Apesar da existência das recomendações de libertação do território do Saara Ocidental estipuladas pela Resolução 2072 da Assembleia Geral da ONU (1965:59) e, mais especificamente, as recomendações descritas na Resolução 2229, de 1966, que instruíam as partes interessadas a providenciar a realização de um referendo de autodeterminação do povo saaraui (1966:73), o recuo da metrópole espanhola no processo de manutenção da colonização saaraui ocorreu vagarosamente. Conforme sugere Dawidowicz, apenas em agosto de 1974, quando a crise interna do franquismo e as pressões internacionais da ONU corroboraram para que a manutenção das colônias africanas pela Espanha se tornasse insustentável, o governo espanhol decidiu recuar na colonização do Saara Ocidental (2013:253).
A iminente possibilidade de aquisição de autonomia administrativa por parte do Saara Ocidental, no entanto, estimulou a ação do governo marroquino no sentido de reivindicar a administração do território vizinho.
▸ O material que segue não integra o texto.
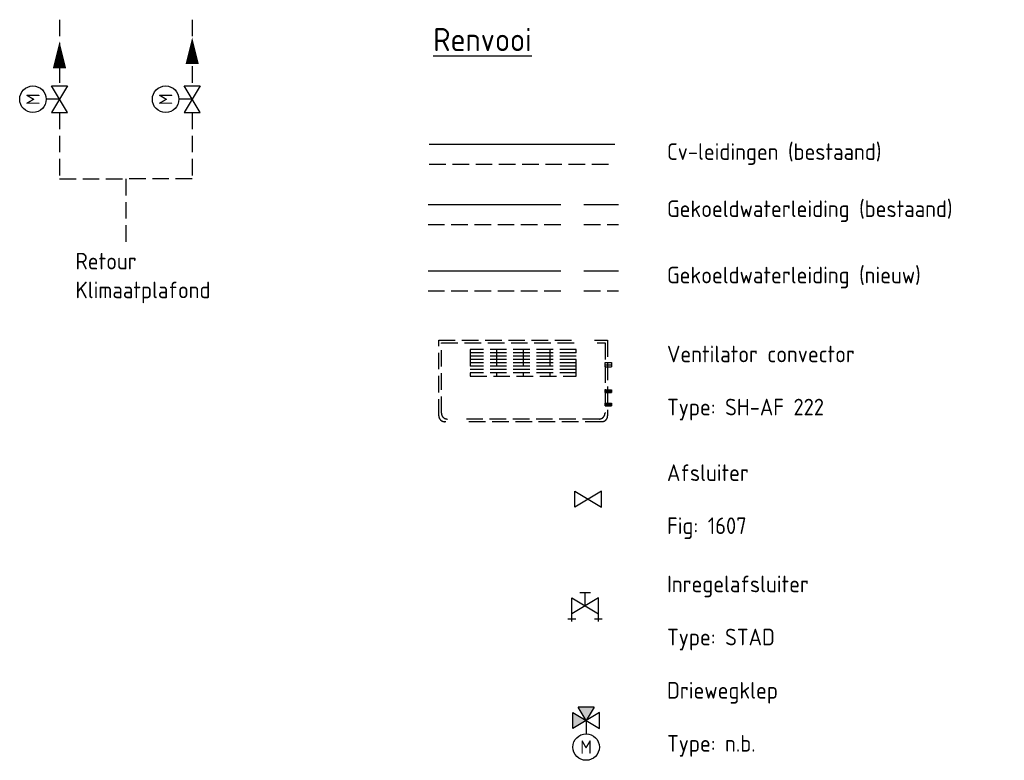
# Model space of a CAD drawing. Extents: x 7383 to 741080, y -570072 to -203000.
# Tile 29 of 45: x 404273 to 411693, y -299884 to -294300. Entities that reach past the tile are written whole.
import ezdxf
from ezdxf.enums import TextEntityAlignment as Align

# ---------------------------------------------------------------- set-up
doc = ezdxf.new("R2010")
doc.units = 0
doc.header["$LTSCALE"] = 25
for name, pattern in [('2322105', [47, 40, -7]), ('2322106', [47, 5, -2, 5, -2, 5, -2, 5, -2, 5, -2, 5, -7]), ('2322107', [2000, 1000, 1000]), ('2322108', [7, 5, -2]), ('CENTER2', [28.575, 19.05, -3.175, 3.175, -3.175])]:
    doc.linetypes.add(name, pattern=pattern)
doc.layers.get('0').update_dxf_attribs({"linetype": 'CONTINUOUS'})
for name, color, linetype in [('000Vermogens2', 7, 'CONTINUOUS'), ('00att025', 7, 'CONTINUOUS'), ('Ventilator convector', 7, 'CONTINUOUS'), ('WL524---', 190, 'CONTINUOUS'), ('WL524---_D', 192, 'CONTINUOUS'), ('WL524---_HARTLIJN', 7, 'CONTINUOUS'), ('WL5501--', 130, 'CONTINUOUS'), ('WL5501--_D', 130, 'CONTINUOUS'), ('WL5501--_HARTLIJN', 7, 'CONTINUOUS'), ('WL5502--', 130, 'CONTINUOUS'), ('WL561---', 10, 'CONTINUOUS'), ('WL561---_AANVOER', 10, 'CONTINUOUS'), ('WL561---_RETOUR', 10, 'CONTINUOUS'), ('WM570---_RETOUR', 2, 'CONTINUOUS'), ('WM570---_TOEVOER', 2, 'CONTINUOUS')]:
    doc.layers.add(name, color=color, linetype=linetype)
doc.styles.add('BURO-018', font='ISO96.shx', dxfattribs={"height": 90})
doc.styles.add('BURO-025', font='ISO96.shx', dxfattribs={"height": 100})
doc.styles.add('BURO-035', font='ISO96.shx', dxfattribs={"height": 175})

# ---------------------------------------------------------------- blocks, each defined once
blk = doc.blocks.new('30483012')
at = {"color": 0, "linetype": 'Continuous'}
for p, q in [((0, 0), (0, 2.5)), ((2.5, -1.5), (-2.5, 1.5)), ((-2.5, 1.5), (-2.5, -1.5)), ((-2.5, -1.5), (2.5, 1.5)), ((2.5, 1.5), (2.5, -1.5))]:
    blk.add_line(p, q, dxfattribs=at)
blk.add_circle((0, 5), 2.5, dxfattribs=at)
at = {"color": 0, "linetype": 'Continuous', "style": 'BURO-018', "flags": 1}
blk.add_attdef('CV_MATCODE', (0, 0), '', height=1.8, dxfattribs=at)
at = {"layer": '00att025', "linetype": 'Continuous', "style": 'BURO-018'}
blk.add_attdef('CV_TEXT1', text='', height=1.8, dxfattribs=at).set_placement((0, 5), align=Align.MIDDLE)
blk = doc.blocks.new('30481017')
at = {"color": 0, "linetype": 'Continuous'}
blk.add_lwpolyline([(0, 0, 0, 2, 0), (-4, 0, 2, 2, 0)], format="xyseb", dxfattribs=at)
blk = doc.blocks.new('*U933')
at = {"color": 0, "ltscale": 10}
for p, q in [((0, 10.65), (50, 10.65)), ((0, -10.65), (0, 10.65)), ((50, 10.65), (50, -10.65)), ((0, -10.65), (50, -10.65))]:
    blk.add_line(p, q, dxfattribs=at)
at = {"layer": 'WL5501--_HARTLIJN', "linetype": 'CENTER2'}
blk.add_line((0, 0), (50, 0), dxfattribs=at)
at = {"layer": 'WL5501--_D', "color": 2, "linetype": '2322106', "style": 'BURO-025'}
blk.add_attdef('POSNR', text='', height=125, dxfattribs=at).set_placement((0, 0), align=Align.MIDDLE)
blk = doc.blocks.new('*U934')
at = {"color": 0, "ltscale": 10}
for p, q in [((0, 16), (50, 16)), ((0, -16), (0, 16)), ((50, 16), (50, -16)), ((0, -16), (50, -16))]:
    blk.add_line(p, q, dxfattribs=at)
at = {"layer": 'WL524---_HARTLIJN', "linetype": 'CENTER2'}
blk.add_line((0, 0), (50, 0), dxfattribs=at)
at = {"layer": 'WL524---_D', "color": 1, "linetype": '2322106', "style": 'BURO-018'}
blk.add_attdef('POSNR', text='', height=90, dxfattribs=at).set_placement((0, 0), align=Align.MIDDLE)
blk = doc.blocks.new('Block ventilator convector')
at = {"layer": 'Ventilator convector', "linetype": '2322106'}
for p, q in [((-636.5, 0), (636.5, 0)), ((-636.5, -569), (-636.5, 0)), ((636.5, 0), (636.5, -569)), ((-616.5, -20), (616.5, -20)), ((-616.5, -549), (-616.5, -20)), ((-400, -70), (-400, -270)), ((400, -70), (-400, -70)), ((-200, -70), (-200, -270)), ((0, -70), (0, -270)), ((200, -70), (200, -270)), ((400, -270), (400, -70)), ((616.5, -20), (616.5, -549)), ((400, -95), (-400, -95)), ((400, -120), (-400, -120)), ((400, -145), (-400, -145)), ((400, -170), (-400, -170)), ((400, -195), (-400, -195)), ((400, -220), (-400, -220)), ((400, -245), (-400, -245)), ((-400, -270), (400, -270)), ((591.5, -614), (-591.5, -614)), ((571.5, -594), (-571.5, -594))]:
    blk.add_line(p, q, dxfattribs=at)
for centre, start, end in [((-591.5, -569), 180, 270), ((-571.5, -549), 180, 270), ((571.5, -549), 270, 0), ((591.5, -569), 270, 0)]:
    blk.add_arc(centre, 45, start, end, dxfattribs=at)
at = {"layer": 'WL524---_D', "linetype": '2322106'}
blk.add_blockref('*U934', (616.5, -184.5), dxfattribs=at)
at = {"layer": 'WL5501--_D', "linetype": '2322106'}
for p in [(616.5, -384.5), (616.5, -484.5)]:
    blk.add_blockref('*U933', p, dxfattribs=at)
blk = doc.blocks.new('3048301')
at = {"color": 0, "linetype": 'Continuous'}
for p, q in [((-2.5, 1.5), (2.5, -1.5)), ((-2.5, -1.5), (-2.5, 1.5)), ((2.5, 1.5), (-2.5, -1.5)), ((2.5, -1.5), (2.5, 1.5))]:
    blk.add_line(p, q, dxfattribs=at)
at = {"color": 0, "linetype": 'Continuous', "style": 'BURO-018', "flags": 1}
blk.add_attdef('CV_MATCODE', (0, 0), '', height=1.8, dxfattribs=at)
blk = doc.blocks.new('3048301A')
at = {"color": 0, "linetype": 'Continuous'}
for p, q in [((-1, 2.5), (1, 2.5)), ((0, 0), (0, 2.5)), ((-2.5, 1.5), (2.5, -1.5)), ((-2.5, -3), (-2.5, 1.5)), ((2.5, 1.5), (-2.5, -1.5)), ((2.5, -3), (2.5, 1.5)), ((-3.25, -2.5), (-1.75, -2.5)), ((1.75, -2.5), (3.25, -2.5))]:
    blk.add_line(p, q, dxfattribs=at)
at = {"color": 0, "linetype": 'Continuous', "style": 'BURO-018', "flags": 1}
blk.add_attdef('CV_MATCODE', (0, 0), '', height=1.8, dxfattribs=at)
blk = doc.blocks.new('30483032B')
at = {"linetype": 'Continuous'}
for points in [[(0, 0), (-1.5, -2.5), (1.5, -2.5)], [(2.5, 1.5), (0, 0), (2.5, -1.5)]]:
    blk.add_hatch(color=0, dxfattribs=at).paths.add_polyline_path(points)
at = {"color": 0, "linetype": 'Continuous'}
for p, q in [((0, 0), (0, 2.5)), ((2.5, -1.5), (-2.5, 1.5)), ((-2.5, 1.5), (-2.5, -1.5)), ((-2.5, -1.5), (2.5, 1.5)), ((-1.5, -2.5), (0, 0)), ((0, 0), (1.5, -2.5)), ((2.5, 1.5), (2.5, -1.5)), ((-1.5, -2.5), (1.5, -2.5))]:
    blk.add_line(p, q, dxfattribs=at)
blk.add_circle((0, 5), 2.5, dxfattribs=at)
at = {"color": 0, "linetype": 'Continuous', "style": 'BURO-018', "flags": 1}
blk.add_attdef('CV_MATCODE', (0, 0), '', height=1.8, dxfattribs=at)
at = {"layer": '00att025', "linetype": 'Continuous', "style": 'BURO-018'}
blk.add_attdef('CV_TEXT1', text='', height=1.8, dxfattribs=at).set_placement((0, 5), align=Align.MIDDLE)
blk = doc.blocks.new('A$C7BF441B9')
at = {"layer": 'WL5501--', "linetype": '2322105'}
blk.add_line((77064.3, -36795.2), (78500.9, -36795.2), dxfattribs=at)
at = {"layer": 'WL5501--', "color": 160, "linetype": '2322105'}
blk.add_line((77064.3, -37295.2), (78500.9, -37295.2), dxfattribs=at)
at = {"layer": 'WL5502--', "linetype": '2322106'}
for p, q in [((75287.3, -35400.8), (75287.3, -35900.8)), ((75287.3, -36100.8), (75287.3, -36600.8)), ((75287.3, -36600.8), (74787.3, -36600.8)), ((77064.3, -36945.2), (78500.9, -36945.2))]:
    blk.add_line(p, q, dxfattribs=at)
at = {"layer": 'WL5502--', "color": 160, "linetype": '2322106'}
blk.add_line((77064.3, -37445.2), (78500.9, -37445.2), dxfattribs=at)
at = {"layer": 'WL561---_AANVOER', "linetype": '2322107'}
blk.add_line((77073.6, -36340.5), (78472.5, -36340.5), dxfattribs=at)
at = {"layer": 'WL561---_RETOUR', "linetype": '2322108'}
for p, q in [((74287.3, -35400.8), (74287.3, -35900.8)), ((74287.3, -36100.8), (74287.3, -36600.8)), ((77073.6, -36490.5), (78472.5, -36490.5)), ((74287.3, -36600.8), (74787.3, -36600.8)), ((74787.3, -36600.8), (74787.3, -37100.8))]:
    blk.add_line(p, q, dxfattribs=at)
at = {"layer": 'WL524---', "linetype": '2322106'}
blk.add_blockref('Block ventilator convector', (77781.6, -37817.7), dxfattribs=at)
at = {"layer": 'WL5501--', "linetype": '2322105', "xscale": 50, "yscale": 50, "zscale": 50, "rotation": 89.99999999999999}
blk.add_blockref('30481017', (75287.3, -35534.5), dxfattribs=at)
at = {"layer": 'WL5501--', "color": 2, "linetype": '2322105', "xscale": 40, "yscale": 40, "zscale": 40}
blk.add_blockref('3048301', (78271.7, -39015.2), dxfattribs=at)
at = {"layer": 'WL5502--', "color": 2, "linetype": '2322105', "xscale": 40, "yscale": 40, "zscale": 40}
blk.add_blockref('3048301A', (78247.9, -39819.4), dxfattribs=at)
at = {"layer": 'WL5502--', "color": 2, "linetype": '2322106'}
ref = blk.add_blockref('30483032B', (78255.6, -40684.9), dxfattribs=dict(at, xscale=40, yscale=40, zscale=40, rotation=180))
ref.add_attrib('CV_TEXT1', 'M', dxfattribs={"layer": '0', "color": 2, "linetype": 'Continuous', "height": 100, "style": 'BURO-025'}).set_placement((78255.6, -40884.9), align=Align.MIDDLE)
at = {"layer": 'WL561---', "color": 2, "linetype": '2322107'}
ref = blk.add_blockref('30483012', (74287.3, -36000.8), dxfattribs=dict(at, xscale=40, yscale=40, zscale=40, rotation=90))
ref.add_attrib('CV_TEXT1', 'M', dxfattribs={"layer": '0', "color": 2, "linetype": 'Continuous', "height": 100, "rotation": 90, "style": 'BURO-025'}).set_placement((74087.3, -36000.8), align=Align.MIDDLE)
ref = blk.add_blockref('30483012', (75287.3, -36000.8), dxfattribs=dict(at, xscale=40, yscale=40, zscale=40, rotation=90))
ref.add_attrib('CV_TEXT1', 'M', dxfattribs={"layer": '0', "color": 2, "linetype": 'Continuous', "height": 100, "rotation": 90, "style": 'BURO-025'}).set_placement((75087.3, -36000.8), align=Align.MIDDLE)
at = {"layer": 'WL561---_RETOUR', "linetype": '2322108', "xscale": 50, "yscale": 50, "zscale": 50, "rotation": 89.99999999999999}
blk.add_blockref('30481017', (74287.3, -35567.2), dxfattribs=at)
at = {"layer": 'WM570---_RETOUR', "style": 'BURO-025'}
for s, p in [('Cv-leidingen (bestaand)', (78865.2, -36458)), ('Gekoeldwaterleiding (bestaand)', (78865.2, -36888.7)), ('Retour', (74407.5, -37283.5)), ('Gekoeldwaterleiding (nieuw)', (78865.2, -37388.7)), ('Klimaatplafond', (74407.5, -37501)), ('Ventilator convector', (78865.2, -37983.9)), ('Type: SH-AF 222', (78865.2, -38383.9)), ('Afsluiter', (78865.2, -38878.8)), ('Fig: 1607', (78865.2, -39278.8)), ('Inregelafsluiter', (78865.2, -39717.9)), ('Type: STAD', (78865.2, -40117.9)), ('Driewegklep', (78865.2, -40519.8)), ('Type: n.b.', (78865.2, -40919.8))]:
    blk.add_text(s, height=125, dxfattribs=at).set_placement(p)
at = {"layer": 'WM570---_TOEVOER', "color": 3, "linetype": '2322107', "style": 'BURO-035'}
blk.add_text('%%URenvooi', height=175, dxfattribs=at).set_placement((77103.7, -35638.1))

msp = doc.modelspace()

# ---------------------------------------------------------------- block references
at = {"layer": '000Vermogens2', "linetype": 'Continuous'}
msp.add_blockref('A$C7BF441B9', (330285.6, -258898.8), dxfattribs=at)

doc.saveas('drawing.dxf')

Reportando-se às eras em que a influência marroquina se estendia largamente pelo Norte da África, Hassan II fundamentou seu argumento na suposta existência de laços coloniais entre o Marrocos e o Saara Ocidental para apresentar suas pretensões de anexação do território saaraui. A Corte Internacional de Justiça, a quem coube julgar o pedido marroquino (e da Mauritânia), embora reconhecesse a existência desses laços, concluiu, em relatório do dia 16 de outubro de 1975, “que os materiais e as informações apresentados não estabelecem nenhum laço de soberania entre o território do Saara Ocidental e o Reino do Marrocos ou a entidade da Mauritânia” [1] (ICJ 1975:100). Complementarmente, a CIJ instruiu o encaminhamento do processo de descolonização do território saaraui, em conformidade com a Resolução 1514 da Assembleia Geral da ONU.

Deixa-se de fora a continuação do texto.